Collects events into one run, flushing when the buffer hits maxSize or timeoutMs elapses, whichever comes first. The run receives the events as ctx.events; ctx.event is the first of them.

defineWorkflow({
  name: "index.documents",
  batch: { maxSize: 100, timeoutMs: 5_000, key: "index" },
  handler: async (ctx) => {
    for (const e of ctx.events ?? []) {
      await ctx.step.run(e.data.id, () => index(e.data));
    }
  },
});
PropertyTypeDefaultDescription
maxSizenumberrequiredFlush once this many events are buffered.
timeoutMsnumber (ms)requiredFlush this long after the first buffered event.
keystringwhole workflowEvent-data path; each value batches separately.

Priority

Shifts a workflow's runs earlier in the shared queue by shiftMs, so they dequeue ahead of other workflows competing for the same engines.
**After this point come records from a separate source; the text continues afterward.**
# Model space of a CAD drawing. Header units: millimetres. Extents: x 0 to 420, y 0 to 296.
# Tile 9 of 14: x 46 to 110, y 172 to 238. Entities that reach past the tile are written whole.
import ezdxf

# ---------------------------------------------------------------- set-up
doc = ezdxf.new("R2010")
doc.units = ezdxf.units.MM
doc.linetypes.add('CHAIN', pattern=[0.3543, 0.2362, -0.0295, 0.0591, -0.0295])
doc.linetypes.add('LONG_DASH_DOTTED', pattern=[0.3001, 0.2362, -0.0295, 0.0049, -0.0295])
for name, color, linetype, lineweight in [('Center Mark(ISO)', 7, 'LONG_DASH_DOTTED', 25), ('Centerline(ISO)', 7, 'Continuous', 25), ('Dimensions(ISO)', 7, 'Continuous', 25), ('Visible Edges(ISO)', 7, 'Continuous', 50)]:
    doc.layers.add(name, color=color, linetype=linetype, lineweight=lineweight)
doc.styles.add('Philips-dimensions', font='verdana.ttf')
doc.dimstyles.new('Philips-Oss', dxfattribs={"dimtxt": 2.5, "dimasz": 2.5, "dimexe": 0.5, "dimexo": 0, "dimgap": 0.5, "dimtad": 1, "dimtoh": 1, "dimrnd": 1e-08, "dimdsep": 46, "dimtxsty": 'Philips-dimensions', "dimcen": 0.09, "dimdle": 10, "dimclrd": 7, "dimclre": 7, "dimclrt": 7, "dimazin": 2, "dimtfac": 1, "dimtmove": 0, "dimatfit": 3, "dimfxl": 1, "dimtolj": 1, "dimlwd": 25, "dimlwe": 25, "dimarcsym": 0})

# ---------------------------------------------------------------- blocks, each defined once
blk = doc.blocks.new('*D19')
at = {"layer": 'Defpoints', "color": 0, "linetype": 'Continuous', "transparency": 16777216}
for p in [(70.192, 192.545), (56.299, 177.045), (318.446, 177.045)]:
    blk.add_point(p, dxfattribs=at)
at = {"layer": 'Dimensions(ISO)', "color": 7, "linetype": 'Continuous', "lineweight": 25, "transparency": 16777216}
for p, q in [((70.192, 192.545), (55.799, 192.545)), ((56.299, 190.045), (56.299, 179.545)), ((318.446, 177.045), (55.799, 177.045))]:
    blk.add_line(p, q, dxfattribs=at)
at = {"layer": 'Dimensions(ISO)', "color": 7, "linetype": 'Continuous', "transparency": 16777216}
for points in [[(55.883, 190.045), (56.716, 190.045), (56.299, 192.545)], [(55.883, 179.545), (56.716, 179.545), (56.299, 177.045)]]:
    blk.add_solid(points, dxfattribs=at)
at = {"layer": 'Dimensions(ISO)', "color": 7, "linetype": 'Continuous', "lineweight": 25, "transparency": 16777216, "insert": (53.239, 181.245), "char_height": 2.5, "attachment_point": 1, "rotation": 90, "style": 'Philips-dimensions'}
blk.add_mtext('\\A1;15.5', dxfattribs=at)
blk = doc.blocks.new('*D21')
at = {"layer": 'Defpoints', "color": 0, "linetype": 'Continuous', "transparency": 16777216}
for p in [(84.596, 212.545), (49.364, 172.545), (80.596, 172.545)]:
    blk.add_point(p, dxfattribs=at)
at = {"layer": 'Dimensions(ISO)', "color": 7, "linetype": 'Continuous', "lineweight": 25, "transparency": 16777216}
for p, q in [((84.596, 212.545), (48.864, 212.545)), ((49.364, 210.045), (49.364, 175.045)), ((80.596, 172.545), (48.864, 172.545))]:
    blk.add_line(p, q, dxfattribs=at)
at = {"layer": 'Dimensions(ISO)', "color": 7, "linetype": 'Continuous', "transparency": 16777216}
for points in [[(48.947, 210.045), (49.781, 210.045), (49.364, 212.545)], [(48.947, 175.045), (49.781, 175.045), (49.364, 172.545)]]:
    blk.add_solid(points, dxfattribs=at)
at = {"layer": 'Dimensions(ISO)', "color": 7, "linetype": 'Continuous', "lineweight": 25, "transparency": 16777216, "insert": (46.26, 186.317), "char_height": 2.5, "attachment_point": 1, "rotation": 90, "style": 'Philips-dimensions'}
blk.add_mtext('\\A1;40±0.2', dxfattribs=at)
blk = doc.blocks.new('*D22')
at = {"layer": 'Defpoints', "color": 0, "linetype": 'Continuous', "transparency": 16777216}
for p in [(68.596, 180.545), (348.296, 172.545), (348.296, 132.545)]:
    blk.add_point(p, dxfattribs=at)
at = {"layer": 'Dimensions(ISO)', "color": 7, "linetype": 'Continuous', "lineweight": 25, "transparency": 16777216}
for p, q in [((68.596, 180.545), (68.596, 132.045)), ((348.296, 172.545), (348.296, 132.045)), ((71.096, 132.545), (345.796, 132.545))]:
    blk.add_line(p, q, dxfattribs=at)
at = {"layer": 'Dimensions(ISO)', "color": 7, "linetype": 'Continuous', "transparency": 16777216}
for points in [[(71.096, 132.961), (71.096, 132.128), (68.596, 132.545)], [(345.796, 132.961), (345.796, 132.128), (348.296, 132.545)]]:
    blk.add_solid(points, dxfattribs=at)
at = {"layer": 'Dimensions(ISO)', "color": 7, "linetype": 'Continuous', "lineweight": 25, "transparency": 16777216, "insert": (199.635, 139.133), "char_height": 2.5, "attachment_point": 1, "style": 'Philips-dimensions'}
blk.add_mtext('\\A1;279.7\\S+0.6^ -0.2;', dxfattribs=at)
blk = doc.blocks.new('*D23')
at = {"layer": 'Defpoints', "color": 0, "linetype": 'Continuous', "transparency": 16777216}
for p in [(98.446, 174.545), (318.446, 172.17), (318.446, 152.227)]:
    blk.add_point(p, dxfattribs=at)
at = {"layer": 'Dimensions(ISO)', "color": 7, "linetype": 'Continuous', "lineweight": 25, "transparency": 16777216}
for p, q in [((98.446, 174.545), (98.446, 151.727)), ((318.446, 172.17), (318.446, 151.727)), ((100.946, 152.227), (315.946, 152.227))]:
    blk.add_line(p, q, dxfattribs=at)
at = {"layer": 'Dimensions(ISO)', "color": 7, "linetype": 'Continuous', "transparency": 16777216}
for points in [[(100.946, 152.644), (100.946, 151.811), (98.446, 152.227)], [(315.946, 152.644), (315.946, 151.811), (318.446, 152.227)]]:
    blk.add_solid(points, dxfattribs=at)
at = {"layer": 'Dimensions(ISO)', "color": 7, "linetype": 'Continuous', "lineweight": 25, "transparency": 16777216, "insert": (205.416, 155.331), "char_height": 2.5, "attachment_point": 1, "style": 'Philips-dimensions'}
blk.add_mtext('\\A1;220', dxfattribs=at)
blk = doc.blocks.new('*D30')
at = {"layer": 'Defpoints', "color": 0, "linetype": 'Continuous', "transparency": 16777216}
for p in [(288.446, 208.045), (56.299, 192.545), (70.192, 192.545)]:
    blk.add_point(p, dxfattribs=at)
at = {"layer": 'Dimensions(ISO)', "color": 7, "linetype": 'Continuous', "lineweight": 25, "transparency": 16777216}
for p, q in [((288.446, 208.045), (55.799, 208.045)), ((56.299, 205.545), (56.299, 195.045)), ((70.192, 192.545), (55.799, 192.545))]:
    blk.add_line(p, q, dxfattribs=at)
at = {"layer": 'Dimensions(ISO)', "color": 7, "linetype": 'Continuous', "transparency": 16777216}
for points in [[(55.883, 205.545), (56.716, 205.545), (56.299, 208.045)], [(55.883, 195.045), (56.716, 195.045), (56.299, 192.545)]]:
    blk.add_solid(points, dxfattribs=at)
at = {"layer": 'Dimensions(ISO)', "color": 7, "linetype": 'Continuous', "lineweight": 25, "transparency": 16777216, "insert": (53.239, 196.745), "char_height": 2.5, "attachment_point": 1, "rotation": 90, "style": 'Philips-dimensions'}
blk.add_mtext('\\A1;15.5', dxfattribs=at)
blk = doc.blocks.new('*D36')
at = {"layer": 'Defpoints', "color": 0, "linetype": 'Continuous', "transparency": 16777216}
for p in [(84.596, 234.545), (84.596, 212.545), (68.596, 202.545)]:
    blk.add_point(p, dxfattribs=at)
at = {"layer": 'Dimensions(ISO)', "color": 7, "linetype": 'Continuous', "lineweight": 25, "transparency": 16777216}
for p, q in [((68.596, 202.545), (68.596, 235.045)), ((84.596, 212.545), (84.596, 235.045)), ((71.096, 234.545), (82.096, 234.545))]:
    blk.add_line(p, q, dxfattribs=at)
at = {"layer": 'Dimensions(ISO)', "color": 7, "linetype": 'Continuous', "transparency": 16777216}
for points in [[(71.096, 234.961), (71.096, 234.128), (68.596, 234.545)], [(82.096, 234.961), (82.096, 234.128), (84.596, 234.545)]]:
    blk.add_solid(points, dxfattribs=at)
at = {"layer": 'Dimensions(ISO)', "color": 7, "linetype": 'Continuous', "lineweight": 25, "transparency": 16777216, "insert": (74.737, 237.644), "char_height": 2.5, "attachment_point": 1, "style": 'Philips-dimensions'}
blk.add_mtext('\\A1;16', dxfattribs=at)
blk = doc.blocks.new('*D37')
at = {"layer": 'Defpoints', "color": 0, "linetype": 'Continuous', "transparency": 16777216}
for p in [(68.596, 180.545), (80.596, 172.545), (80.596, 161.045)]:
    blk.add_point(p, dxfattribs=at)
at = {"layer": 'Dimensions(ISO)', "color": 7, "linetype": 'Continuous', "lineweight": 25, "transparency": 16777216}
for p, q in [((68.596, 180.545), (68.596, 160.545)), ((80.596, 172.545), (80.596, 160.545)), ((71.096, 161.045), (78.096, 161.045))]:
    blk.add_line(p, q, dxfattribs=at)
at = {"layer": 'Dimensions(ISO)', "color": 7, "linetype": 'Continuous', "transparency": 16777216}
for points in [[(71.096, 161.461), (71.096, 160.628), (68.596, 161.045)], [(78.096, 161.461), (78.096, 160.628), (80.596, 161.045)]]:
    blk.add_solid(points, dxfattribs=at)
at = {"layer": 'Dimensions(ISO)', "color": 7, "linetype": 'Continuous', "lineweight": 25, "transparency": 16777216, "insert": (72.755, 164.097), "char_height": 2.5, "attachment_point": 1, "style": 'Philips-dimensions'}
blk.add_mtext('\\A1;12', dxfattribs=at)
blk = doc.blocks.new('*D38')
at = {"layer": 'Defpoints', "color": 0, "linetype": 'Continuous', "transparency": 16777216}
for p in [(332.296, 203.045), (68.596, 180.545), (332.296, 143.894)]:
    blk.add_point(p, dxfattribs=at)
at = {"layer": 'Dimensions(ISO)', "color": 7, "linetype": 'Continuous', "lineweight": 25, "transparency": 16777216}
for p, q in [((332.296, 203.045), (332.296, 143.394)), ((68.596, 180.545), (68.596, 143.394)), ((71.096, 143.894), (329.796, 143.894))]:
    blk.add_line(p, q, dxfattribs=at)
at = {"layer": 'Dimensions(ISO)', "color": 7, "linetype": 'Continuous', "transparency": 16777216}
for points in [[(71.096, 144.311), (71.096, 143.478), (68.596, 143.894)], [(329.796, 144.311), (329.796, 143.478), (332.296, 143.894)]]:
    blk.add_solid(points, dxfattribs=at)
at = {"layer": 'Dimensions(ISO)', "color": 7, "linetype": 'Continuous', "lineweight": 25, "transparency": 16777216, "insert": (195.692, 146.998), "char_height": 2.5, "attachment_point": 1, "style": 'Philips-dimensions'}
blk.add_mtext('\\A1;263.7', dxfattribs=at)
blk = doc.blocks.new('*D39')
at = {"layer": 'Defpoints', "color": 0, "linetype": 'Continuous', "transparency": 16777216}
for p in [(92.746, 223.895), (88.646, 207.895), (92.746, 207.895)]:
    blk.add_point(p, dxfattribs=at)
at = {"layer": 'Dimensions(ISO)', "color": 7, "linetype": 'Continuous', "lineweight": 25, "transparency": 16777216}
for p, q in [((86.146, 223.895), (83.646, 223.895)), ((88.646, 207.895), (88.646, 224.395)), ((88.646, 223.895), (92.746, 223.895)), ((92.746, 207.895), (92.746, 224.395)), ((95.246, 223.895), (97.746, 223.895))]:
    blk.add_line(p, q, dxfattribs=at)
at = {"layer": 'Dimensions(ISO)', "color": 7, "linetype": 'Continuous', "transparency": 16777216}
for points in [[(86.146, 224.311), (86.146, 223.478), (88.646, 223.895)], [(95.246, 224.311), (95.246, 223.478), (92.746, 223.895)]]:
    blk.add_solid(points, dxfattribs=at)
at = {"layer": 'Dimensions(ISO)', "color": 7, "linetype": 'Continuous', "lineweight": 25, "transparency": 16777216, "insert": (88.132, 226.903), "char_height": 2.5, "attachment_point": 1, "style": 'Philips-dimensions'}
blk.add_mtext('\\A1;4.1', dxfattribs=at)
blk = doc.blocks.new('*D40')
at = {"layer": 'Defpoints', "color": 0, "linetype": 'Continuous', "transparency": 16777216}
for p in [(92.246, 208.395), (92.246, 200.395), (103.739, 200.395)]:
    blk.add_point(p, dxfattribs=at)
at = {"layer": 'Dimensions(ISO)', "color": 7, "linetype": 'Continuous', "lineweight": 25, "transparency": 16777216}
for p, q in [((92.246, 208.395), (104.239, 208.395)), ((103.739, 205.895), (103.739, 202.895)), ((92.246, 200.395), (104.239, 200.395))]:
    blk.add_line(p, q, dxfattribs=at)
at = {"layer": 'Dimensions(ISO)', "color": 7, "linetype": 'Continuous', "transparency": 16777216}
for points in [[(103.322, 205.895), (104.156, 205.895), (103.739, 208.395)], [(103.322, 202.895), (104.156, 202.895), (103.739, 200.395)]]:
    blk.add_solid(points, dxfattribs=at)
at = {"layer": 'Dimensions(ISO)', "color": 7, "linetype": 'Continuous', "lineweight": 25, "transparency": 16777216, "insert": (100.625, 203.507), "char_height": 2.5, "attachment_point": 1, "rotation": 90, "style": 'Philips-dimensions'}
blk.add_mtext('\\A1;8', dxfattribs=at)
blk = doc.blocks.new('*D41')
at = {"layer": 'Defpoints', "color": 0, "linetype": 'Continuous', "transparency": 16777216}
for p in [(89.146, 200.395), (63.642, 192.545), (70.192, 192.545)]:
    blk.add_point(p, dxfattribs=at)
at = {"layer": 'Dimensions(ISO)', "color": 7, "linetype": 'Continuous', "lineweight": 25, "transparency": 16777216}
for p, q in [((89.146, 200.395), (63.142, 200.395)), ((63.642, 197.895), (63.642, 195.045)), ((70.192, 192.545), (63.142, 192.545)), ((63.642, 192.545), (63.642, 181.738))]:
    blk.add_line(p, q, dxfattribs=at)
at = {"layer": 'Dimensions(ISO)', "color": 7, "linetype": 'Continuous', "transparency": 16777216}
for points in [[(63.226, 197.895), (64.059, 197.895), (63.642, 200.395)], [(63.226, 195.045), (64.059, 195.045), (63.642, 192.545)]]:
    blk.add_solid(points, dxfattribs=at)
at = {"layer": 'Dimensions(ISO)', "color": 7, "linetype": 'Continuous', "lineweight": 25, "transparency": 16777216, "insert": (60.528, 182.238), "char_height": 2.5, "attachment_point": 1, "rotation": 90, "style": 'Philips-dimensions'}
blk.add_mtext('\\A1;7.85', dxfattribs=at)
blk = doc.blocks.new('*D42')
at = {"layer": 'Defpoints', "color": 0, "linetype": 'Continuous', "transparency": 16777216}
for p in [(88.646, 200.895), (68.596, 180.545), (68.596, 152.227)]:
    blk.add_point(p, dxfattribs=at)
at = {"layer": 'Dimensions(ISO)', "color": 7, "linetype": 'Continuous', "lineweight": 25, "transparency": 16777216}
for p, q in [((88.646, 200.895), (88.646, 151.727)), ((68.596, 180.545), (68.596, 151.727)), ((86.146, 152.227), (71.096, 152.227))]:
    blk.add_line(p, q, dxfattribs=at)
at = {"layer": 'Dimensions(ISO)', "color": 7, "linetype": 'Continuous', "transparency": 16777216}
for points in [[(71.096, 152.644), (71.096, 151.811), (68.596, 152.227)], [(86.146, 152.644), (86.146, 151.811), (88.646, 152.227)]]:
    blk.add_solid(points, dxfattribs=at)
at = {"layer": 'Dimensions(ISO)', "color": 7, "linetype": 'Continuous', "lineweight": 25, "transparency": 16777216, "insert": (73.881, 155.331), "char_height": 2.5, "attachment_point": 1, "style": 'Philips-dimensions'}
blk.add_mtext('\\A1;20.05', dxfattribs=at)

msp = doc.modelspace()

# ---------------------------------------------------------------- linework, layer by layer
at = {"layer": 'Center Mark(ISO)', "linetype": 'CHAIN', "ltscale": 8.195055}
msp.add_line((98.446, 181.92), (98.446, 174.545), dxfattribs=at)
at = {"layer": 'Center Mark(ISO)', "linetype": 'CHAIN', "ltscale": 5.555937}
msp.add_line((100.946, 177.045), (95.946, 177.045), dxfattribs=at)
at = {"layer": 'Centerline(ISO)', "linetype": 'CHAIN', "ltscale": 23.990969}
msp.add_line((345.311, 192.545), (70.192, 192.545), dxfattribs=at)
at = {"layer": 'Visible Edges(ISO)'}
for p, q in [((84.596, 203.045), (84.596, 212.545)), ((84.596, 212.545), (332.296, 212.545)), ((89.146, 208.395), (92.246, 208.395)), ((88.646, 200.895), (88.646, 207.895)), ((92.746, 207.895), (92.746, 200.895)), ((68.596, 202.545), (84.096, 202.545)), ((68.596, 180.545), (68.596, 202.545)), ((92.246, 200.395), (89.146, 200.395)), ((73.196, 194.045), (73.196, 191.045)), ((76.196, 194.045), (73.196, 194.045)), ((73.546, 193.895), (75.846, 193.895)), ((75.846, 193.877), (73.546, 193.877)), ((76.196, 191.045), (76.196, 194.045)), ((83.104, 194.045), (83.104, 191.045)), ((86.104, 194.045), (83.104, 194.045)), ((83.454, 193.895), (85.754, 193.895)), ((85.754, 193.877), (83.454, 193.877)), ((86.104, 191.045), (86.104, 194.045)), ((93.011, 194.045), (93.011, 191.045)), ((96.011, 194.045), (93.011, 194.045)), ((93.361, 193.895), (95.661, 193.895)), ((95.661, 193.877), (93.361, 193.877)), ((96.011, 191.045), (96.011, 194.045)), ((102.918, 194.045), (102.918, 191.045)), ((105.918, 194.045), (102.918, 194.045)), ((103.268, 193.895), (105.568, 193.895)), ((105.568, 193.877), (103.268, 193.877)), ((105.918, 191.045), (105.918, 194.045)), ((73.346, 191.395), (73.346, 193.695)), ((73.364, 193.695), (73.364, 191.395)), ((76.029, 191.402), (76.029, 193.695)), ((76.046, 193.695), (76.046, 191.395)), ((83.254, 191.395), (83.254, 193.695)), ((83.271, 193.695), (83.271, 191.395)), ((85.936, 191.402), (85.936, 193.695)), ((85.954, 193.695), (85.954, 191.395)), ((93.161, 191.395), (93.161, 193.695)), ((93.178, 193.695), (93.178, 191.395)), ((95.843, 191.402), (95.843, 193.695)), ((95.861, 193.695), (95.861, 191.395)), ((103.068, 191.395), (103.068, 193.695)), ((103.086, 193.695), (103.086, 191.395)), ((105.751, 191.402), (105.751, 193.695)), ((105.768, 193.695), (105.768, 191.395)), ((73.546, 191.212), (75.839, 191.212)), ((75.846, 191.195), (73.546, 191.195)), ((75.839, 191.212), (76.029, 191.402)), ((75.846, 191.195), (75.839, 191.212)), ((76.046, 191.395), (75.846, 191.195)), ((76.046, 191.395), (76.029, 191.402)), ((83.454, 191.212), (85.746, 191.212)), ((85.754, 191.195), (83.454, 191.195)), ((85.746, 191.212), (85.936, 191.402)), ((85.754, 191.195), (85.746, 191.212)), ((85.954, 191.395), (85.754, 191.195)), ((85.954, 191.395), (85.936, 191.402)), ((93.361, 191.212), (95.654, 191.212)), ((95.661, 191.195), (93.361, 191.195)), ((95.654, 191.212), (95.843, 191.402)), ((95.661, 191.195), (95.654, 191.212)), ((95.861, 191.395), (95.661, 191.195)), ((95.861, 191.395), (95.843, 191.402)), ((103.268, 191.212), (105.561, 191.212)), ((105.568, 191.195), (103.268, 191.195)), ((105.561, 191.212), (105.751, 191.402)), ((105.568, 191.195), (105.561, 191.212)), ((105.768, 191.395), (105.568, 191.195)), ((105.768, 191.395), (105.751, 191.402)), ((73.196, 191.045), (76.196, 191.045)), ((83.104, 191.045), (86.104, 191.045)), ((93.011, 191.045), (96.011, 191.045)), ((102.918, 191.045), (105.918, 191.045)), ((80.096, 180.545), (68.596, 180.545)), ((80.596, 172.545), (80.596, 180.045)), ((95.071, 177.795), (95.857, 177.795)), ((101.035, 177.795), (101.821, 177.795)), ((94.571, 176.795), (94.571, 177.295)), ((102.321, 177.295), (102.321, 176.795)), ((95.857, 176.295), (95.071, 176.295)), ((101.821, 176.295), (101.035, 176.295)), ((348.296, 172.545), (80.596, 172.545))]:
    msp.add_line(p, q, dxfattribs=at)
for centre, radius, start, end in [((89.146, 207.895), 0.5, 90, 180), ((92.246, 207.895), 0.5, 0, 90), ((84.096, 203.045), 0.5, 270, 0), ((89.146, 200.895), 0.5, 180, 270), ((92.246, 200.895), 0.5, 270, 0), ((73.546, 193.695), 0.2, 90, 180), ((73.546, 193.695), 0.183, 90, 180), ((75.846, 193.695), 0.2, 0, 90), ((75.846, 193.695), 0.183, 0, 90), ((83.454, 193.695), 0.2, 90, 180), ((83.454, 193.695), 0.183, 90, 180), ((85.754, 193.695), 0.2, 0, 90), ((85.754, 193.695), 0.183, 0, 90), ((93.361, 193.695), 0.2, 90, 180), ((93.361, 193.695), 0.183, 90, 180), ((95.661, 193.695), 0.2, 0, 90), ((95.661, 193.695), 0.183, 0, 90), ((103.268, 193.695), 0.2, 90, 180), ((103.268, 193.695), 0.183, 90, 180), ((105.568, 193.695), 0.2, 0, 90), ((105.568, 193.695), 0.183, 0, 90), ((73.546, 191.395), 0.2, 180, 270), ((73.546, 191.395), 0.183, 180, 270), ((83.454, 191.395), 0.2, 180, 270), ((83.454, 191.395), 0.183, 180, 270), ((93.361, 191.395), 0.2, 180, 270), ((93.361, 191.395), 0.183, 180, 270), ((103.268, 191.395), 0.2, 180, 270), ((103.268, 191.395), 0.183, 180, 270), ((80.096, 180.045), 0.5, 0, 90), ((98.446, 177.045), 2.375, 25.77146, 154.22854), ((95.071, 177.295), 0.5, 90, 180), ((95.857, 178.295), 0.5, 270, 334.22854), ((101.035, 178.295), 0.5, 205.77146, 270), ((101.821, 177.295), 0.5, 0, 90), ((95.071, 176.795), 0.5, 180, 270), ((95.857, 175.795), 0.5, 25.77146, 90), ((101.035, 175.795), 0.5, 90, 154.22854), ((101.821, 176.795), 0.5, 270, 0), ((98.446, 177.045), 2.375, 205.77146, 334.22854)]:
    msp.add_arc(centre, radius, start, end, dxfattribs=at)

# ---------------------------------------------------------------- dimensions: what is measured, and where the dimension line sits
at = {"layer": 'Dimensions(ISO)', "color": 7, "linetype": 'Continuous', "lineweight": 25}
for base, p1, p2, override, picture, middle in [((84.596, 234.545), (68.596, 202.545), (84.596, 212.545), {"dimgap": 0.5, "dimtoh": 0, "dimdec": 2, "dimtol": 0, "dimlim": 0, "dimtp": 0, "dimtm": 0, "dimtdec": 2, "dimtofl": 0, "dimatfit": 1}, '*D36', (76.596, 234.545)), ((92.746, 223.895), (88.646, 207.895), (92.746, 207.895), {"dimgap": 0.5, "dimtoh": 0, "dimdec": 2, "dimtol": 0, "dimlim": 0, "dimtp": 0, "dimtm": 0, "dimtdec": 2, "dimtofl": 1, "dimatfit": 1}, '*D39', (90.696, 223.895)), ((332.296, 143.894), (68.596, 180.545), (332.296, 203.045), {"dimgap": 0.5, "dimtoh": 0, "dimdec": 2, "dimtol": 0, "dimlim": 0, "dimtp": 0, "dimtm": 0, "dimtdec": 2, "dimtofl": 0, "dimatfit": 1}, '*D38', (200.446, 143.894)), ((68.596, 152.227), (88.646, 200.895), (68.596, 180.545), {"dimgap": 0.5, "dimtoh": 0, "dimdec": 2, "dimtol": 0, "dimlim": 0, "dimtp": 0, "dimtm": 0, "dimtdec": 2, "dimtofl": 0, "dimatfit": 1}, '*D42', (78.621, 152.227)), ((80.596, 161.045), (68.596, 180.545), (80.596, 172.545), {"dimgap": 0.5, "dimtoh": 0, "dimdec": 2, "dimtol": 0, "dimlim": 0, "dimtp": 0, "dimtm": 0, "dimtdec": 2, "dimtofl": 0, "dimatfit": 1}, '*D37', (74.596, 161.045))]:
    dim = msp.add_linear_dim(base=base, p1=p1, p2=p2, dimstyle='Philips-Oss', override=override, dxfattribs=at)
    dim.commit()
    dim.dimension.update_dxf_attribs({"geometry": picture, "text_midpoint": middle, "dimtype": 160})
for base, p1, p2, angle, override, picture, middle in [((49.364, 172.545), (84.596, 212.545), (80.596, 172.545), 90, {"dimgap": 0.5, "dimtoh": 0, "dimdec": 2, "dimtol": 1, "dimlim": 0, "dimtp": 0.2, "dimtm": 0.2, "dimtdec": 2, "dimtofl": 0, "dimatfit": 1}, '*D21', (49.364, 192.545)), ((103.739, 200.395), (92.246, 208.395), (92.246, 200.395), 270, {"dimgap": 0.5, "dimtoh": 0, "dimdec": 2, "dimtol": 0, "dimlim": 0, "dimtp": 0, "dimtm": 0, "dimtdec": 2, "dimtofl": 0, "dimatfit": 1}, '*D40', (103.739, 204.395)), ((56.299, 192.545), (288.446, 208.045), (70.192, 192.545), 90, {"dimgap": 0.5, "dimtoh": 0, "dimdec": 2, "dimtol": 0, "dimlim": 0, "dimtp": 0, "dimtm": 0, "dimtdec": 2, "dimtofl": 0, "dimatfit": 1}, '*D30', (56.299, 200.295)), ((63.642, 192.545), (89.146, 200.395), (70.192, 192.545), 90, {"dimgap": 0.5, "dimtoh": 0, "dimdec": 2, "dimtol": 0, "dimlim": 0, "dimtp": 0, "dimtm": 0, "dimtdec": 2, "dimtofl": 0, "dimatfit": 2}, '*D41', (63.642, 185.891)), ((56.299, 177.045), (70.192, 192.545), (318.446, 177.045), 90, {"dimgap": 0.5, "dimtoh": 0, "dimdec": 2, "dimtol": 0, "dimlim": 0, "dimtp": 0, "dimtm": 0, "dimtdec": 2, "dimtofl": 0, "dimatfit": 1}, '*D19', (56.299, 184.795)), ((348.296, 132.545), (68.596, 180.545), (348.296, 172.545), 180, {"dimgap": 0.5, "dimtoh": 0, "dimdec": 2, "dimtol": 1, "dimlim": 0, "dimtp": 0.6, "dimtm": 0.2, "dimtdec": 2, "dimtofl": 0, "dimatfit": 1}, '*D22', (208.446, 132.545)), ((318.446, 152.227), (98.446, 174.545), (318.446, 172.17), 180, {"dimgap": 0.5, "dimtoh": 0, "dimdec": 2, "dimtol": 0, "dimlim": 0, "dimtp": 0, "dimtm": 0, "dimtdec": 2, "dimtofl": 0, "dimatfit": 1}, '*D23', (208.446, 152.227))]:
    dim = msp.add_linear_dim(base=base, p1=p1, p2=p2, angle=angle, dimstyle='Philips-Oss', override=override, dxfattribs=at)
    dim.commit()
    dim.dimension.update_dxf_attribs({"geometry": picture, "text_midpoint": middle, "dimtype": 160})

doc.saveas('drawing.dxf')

priority: { shiftMs: 60_000 }
PropertyTypeDefaultDescription
shiftMsnumber (ms)requiredTreat runs as if enqueued this many ms earlier.

Singleton

Allows at most one non-terminal run per key.

singleton: { key: "accountId", mode: "skip" }
PropertyTypeDefaultDescription
keystringwhole workflowOne concurrent run per value.
mode"skip" | "cancel""cancel"On collision: skip drops the new trigger (response reports skipped: true); cancel cancels the running run and starts the new one.

Idempotency

Suppresses a second run of this workflow for the same derived key within a time window. The first matching event starts a run; a later event whose key resolves to the same value inside the window is dropped for this workflow (the response reports deduped: true with no runId). The event is still recorded and still wakes waitForEvent waiters - only the duplicate run is suppressed.

idempotency: { key: "orderId", periodMs: 86_400_000 } // at most one run per orderId per 24h
PropertyTypeDefaultDescription
keystringwhole workflowEvent-data path; one run per value within the window. An omitted key means one run per window for the whole workflow.
periodMsnumber (ms)86_400_000 (24h)How long a key stays claimed before it can run again.

This is run-level dedupe keyed off the event payload. To dedupe a whole event regardless of which workflows it matches - the usual safety net for an at-least-once caller retrying POST /events - send a dedupeId on the event instead (see the wire protocol); a repeat of that id within 24h is dropped before any fan-out.

Global correctness

Every flow-control limit is enforced against shared state, so concurrency, throttle, and rate-limit counts hold exactly across your whole workspace - never approximated per instance.

Observing flow control

The configured controls and their live runtime state are visible without extra setup:

  • The console marks every flow-controlled workflow with a badge in the Workflows list, and the workflow detail drawer has a Flow control section: each configured control with its policy, plus live counters where they apply (in-flight vs the concurrency limit, queued runs, and the number of events currently coalescing in a debounce window or buffered in a batch). The Overview page rolls the same numbers up namespace-wide (queue depth, in-flight, debounce/batch pending).
  • GET /flow-state returns the live buffer state directly: the debounce and batch backlogs per workflow (?app= and ?workflow= narrow the scope). In-flight and queued counts come from GET /runs/stats. A workflow's configured controls ride the flowControl field of GET /workflows.